Mumbai, October 22: From now onwards, statutory auditors will have to comply with stricter norms when it comes to their resignation. Market regulator, Securities and Exchange Board of India (Sebi) has recently issued a circular stating that auditors resigning from listed companies are required to give detailed reasons to stock exchanges at earliest. Sebi, in its consultative paper in the month of July, highlighted that resignation of an auditor before completion of audit of financial results for the year seriously hampers investor confidence.
Further this also leaves investors without correct information about their financial decisions. Recently, the number of instances related to abrupt resignation of Statutory Auditors has increased from the listed companies which has come to the notice of Sebi.
“Resignation of an auditor of a listed entity/ its material subsidiary before completion of the audit of financial results for the year due to reasons such as pre-occupation may seriously hamper investor confidence and deny them access to reliable information for taking timely investment decisions,” read Sebi’s circular.

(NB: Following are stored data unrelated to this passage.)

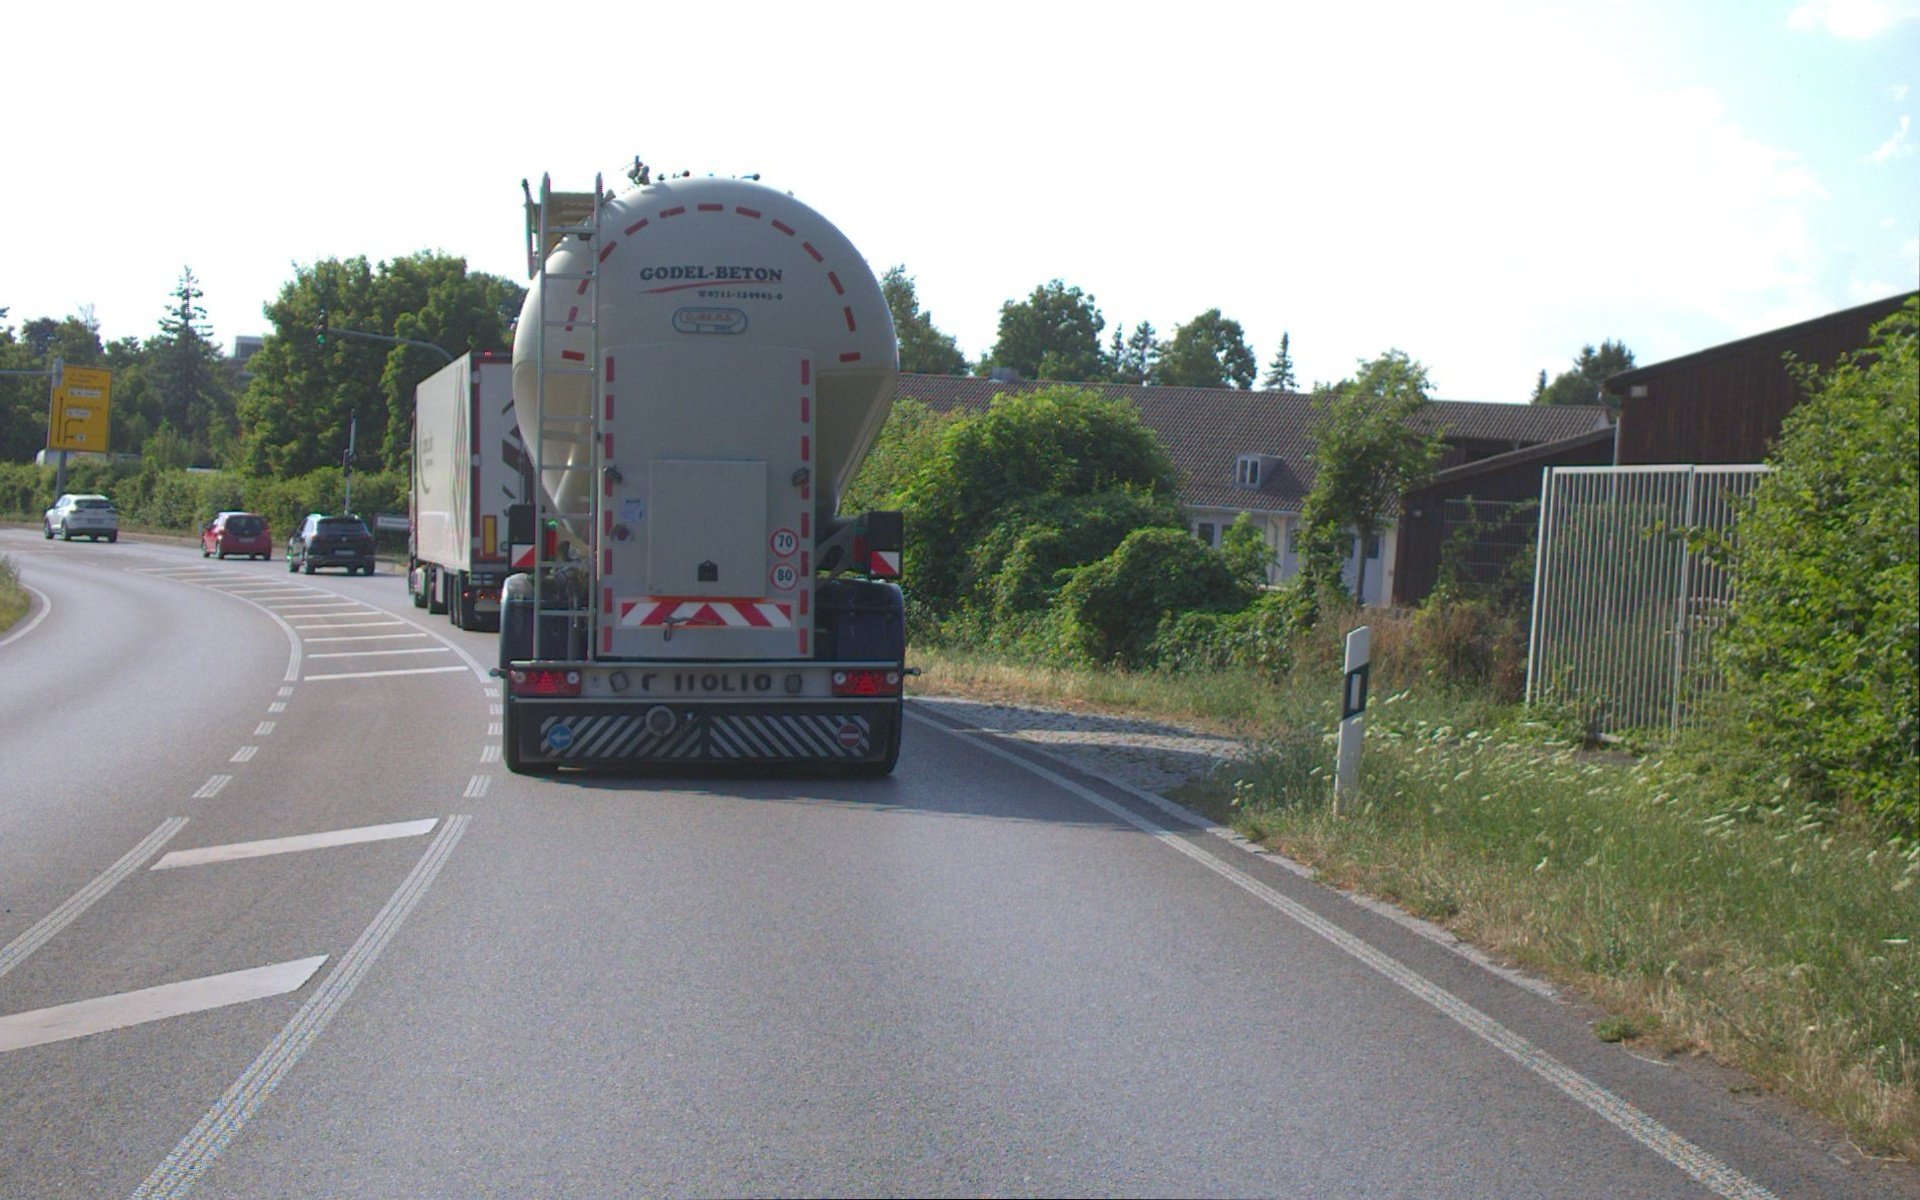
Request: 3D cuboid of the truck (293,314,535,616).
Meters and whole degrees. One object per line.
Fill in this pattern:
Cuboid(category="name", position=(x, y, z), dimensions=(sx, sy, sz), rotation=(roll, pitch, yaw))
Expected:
Cuboid(category="truck", position=(-9.568, -2.242, 59.637), dimensions=(2.962, 4.870, 6.432), rotation=(1, 0, -19))

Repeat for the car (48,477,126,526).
Cuboid(category="car", position=(-31.254, -3.518, 123.002), dimensions=(1.841, 1.650, 4.001), rotation=(1, 0, -27))

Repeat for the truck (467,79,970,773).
Cuboid(category="truck", position=(-2.100, -1.101, 26.846), dimensions=(2.975, 4.161, 11.665), rotation=(1, 0, -6))

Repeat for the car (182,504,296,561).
Cuboid(category="car", position=(-22.160, -2.060, 105.545), dimensions=(2.299, 1.650, 4.416), rotation=(1, 0, -27))

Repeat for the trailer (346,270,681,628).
Cuboid(category="trailer", position=(-7.043, -2.145, 52.569), dimensions=(2.963, 4.865, 10.291), rotation=(1, 0, -19))

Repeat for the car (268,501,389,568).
Cuboid(category="car", position=(-16.474, -1.706, 89.537), dimensions=(1.993, 1.650, 4.001), rotation=(1, 0, -27))
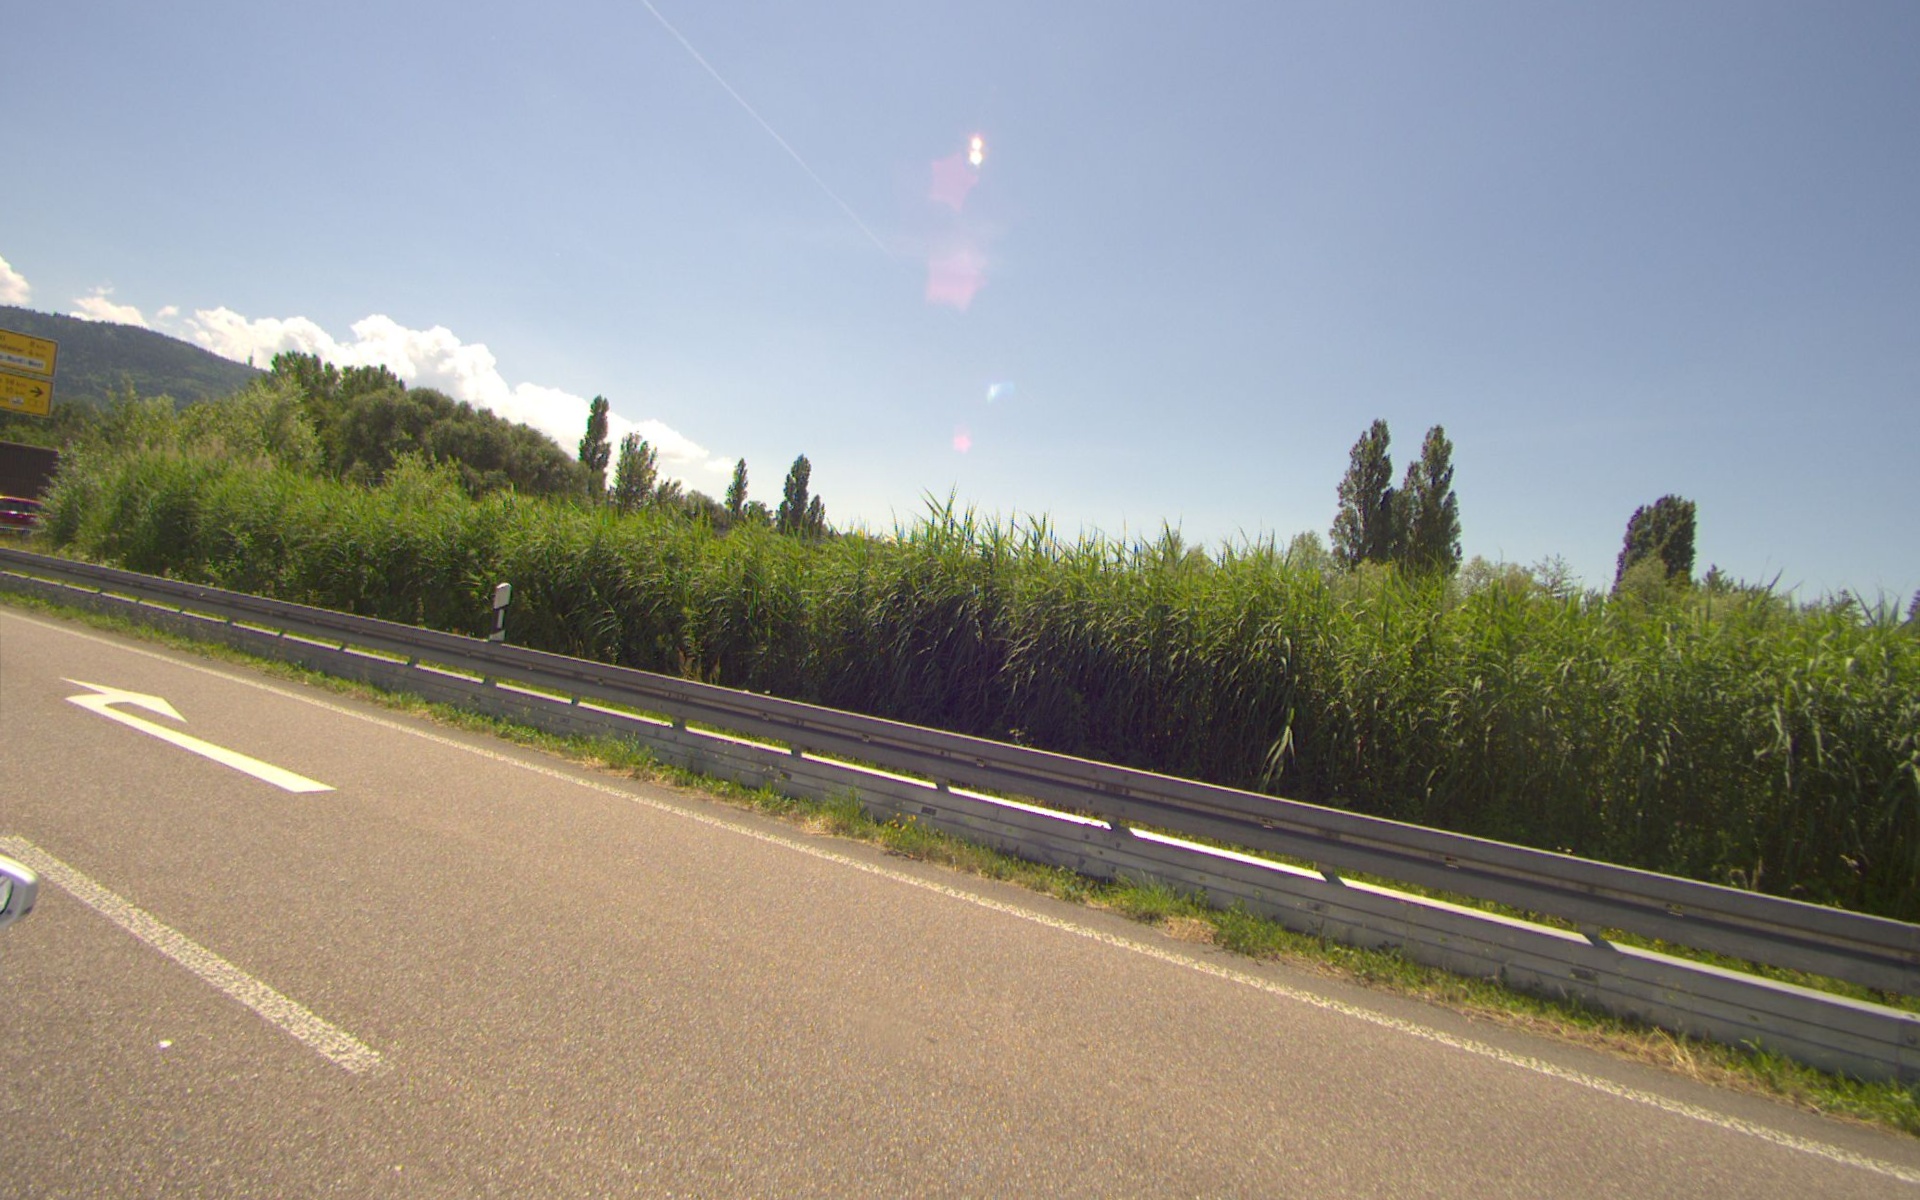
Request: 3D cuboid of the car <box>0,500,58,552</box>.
[{"bbox_3d":[-36.329,-2.954,36.898,1.966,1.676,4.320,7,-2,28],"label":"car"}]
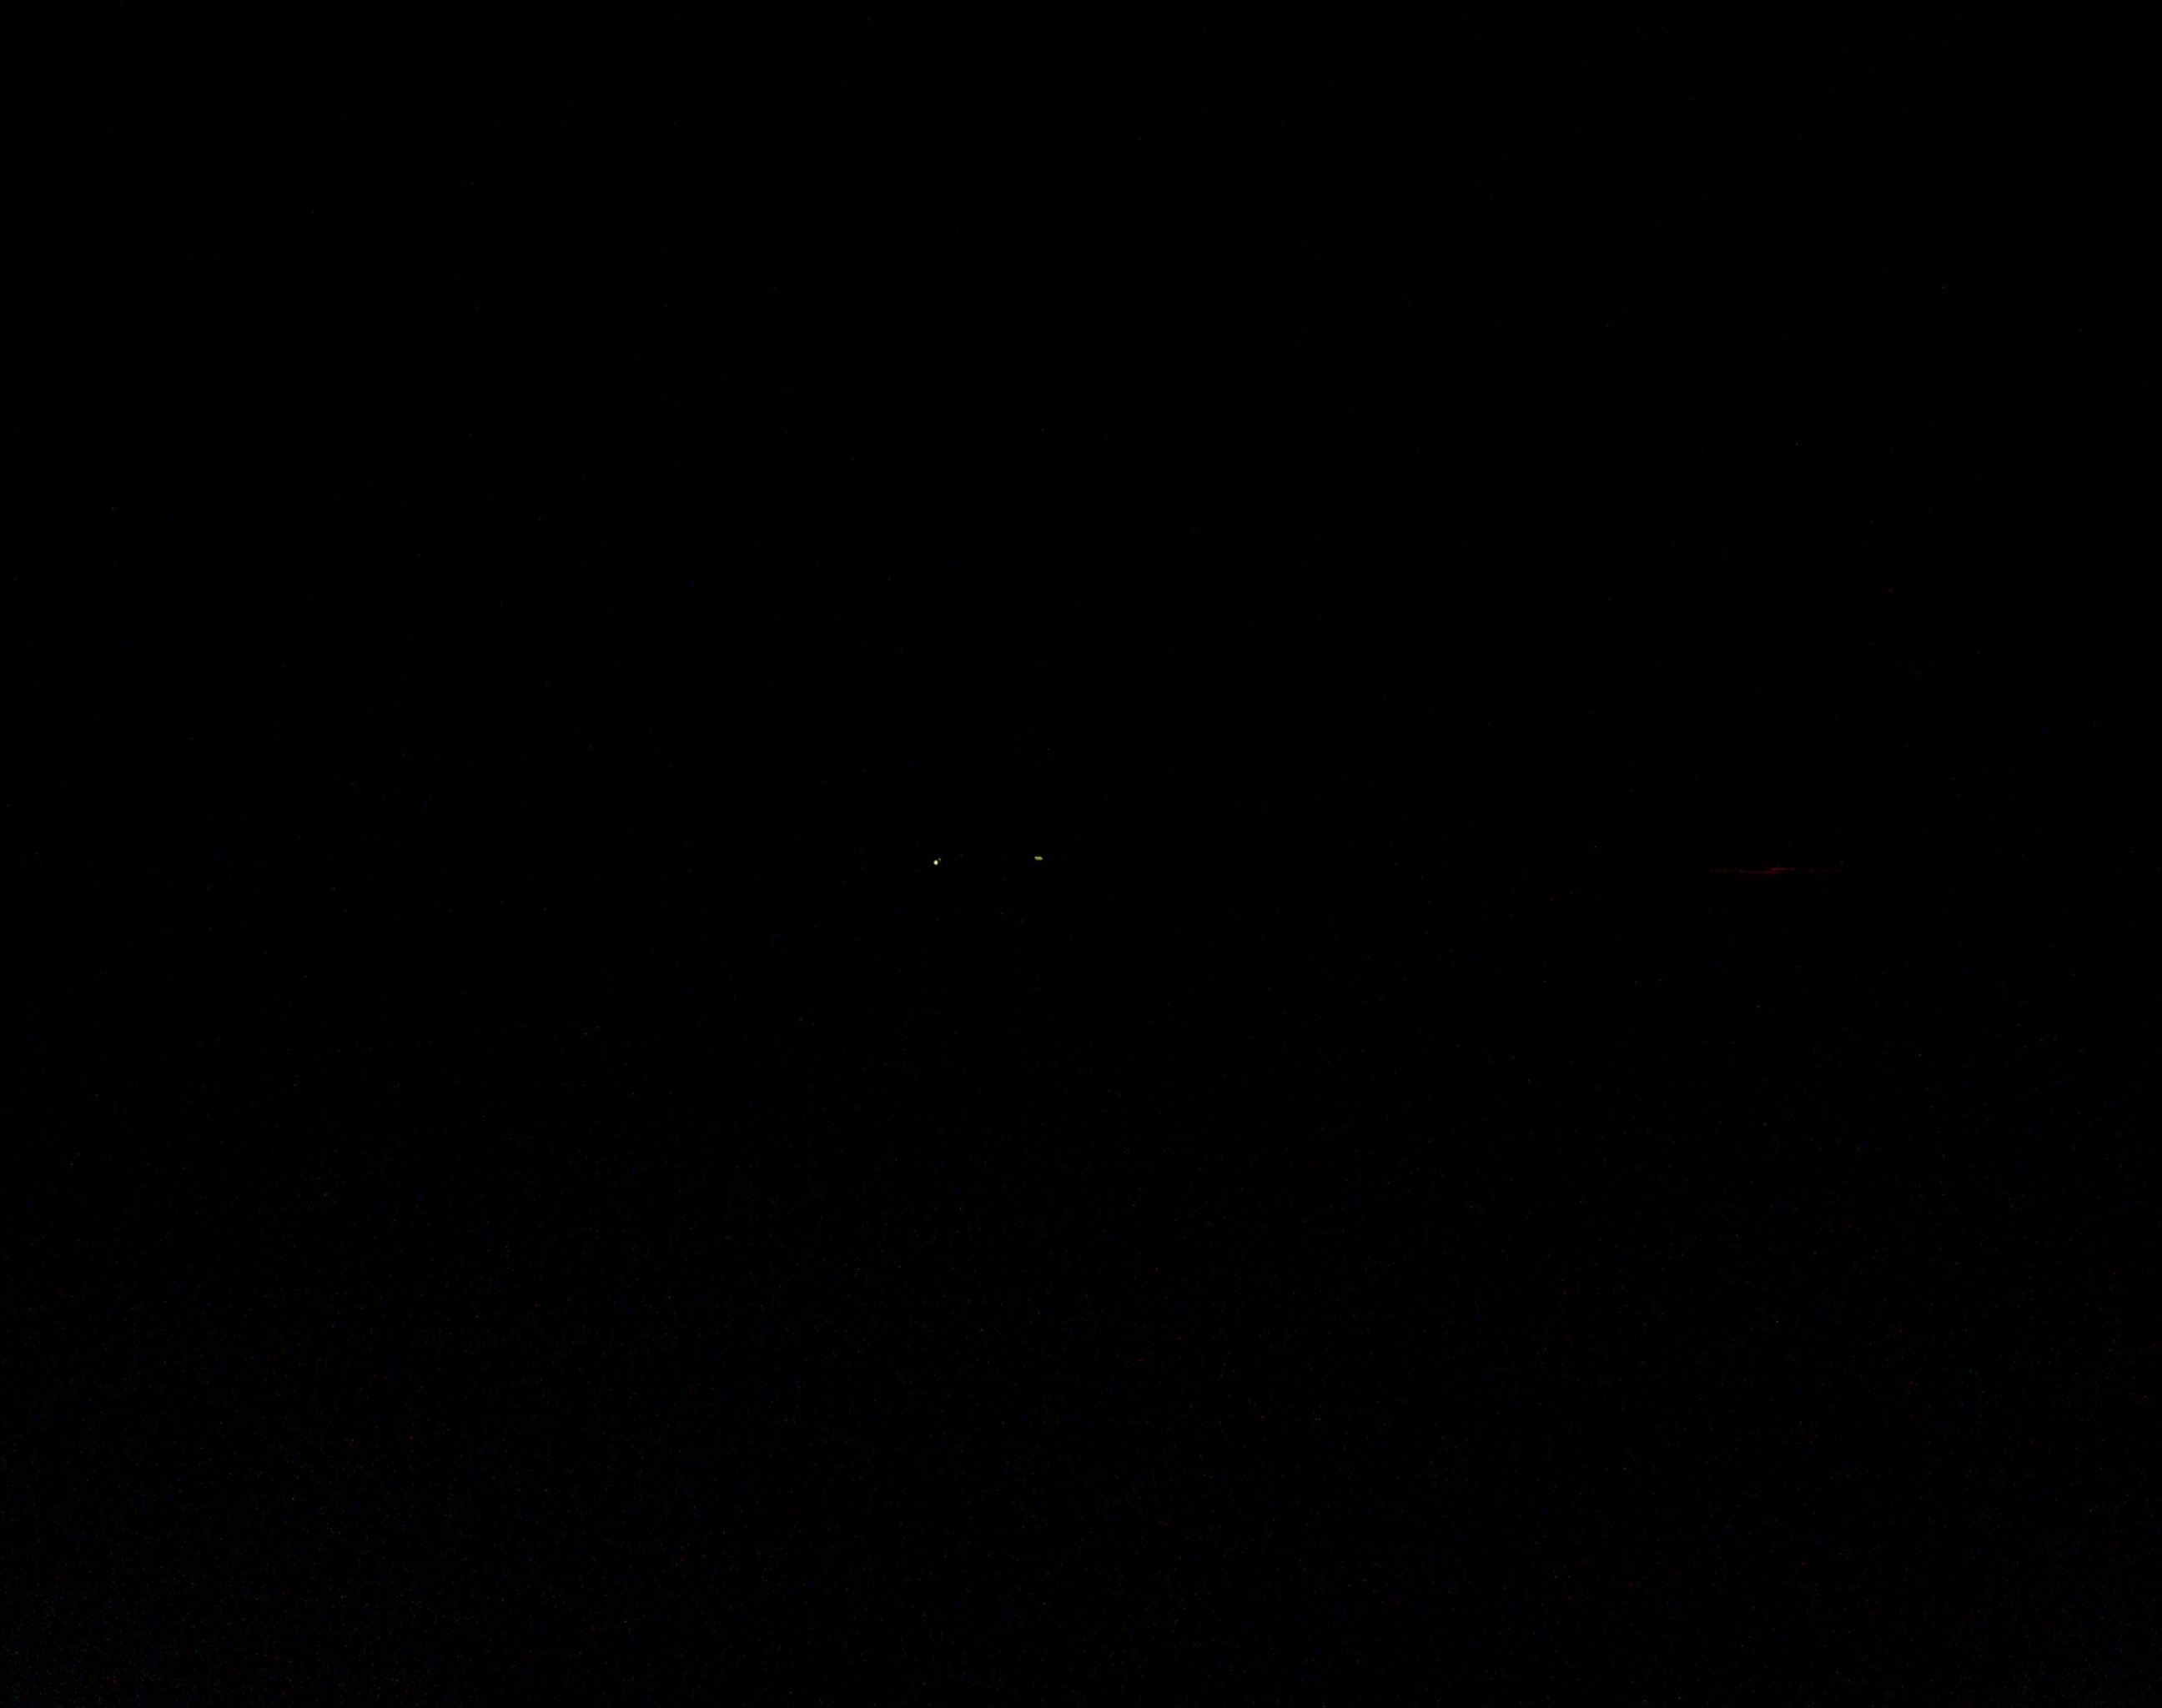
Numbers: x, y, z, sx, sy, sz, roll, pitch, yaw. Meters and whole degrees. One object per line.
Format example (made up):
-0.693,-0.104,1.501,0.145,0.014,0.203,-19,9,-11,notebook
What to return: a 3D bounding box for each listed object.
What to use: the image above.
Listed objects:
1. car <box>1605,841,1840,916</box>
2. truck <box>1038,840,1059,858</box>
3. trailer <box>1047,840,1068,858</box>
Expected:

As per the norms, in case the auditor resigns within 45 days from the end of quarter of a financial year, then there’s a requirement to submit the limited review or audit report for such quarter. Further, any concern related to the management of the company, the auditor needs to approach the chairman of the audit committee for non-availability of information or non-cooperation by the management.
The statutory auditors are mandatory for any company and are appointed within 30 days of incorporation. As per the Companies Act, 2013, the accounts of a limited liability partnership (LLP) should undergo audit if its annual turnover is over Rs 25 Lakh or more as capital contribution. Auditors play a pivotal role when it comes to giving timely unbiased disclosures to investors and stakeholders in the securities market.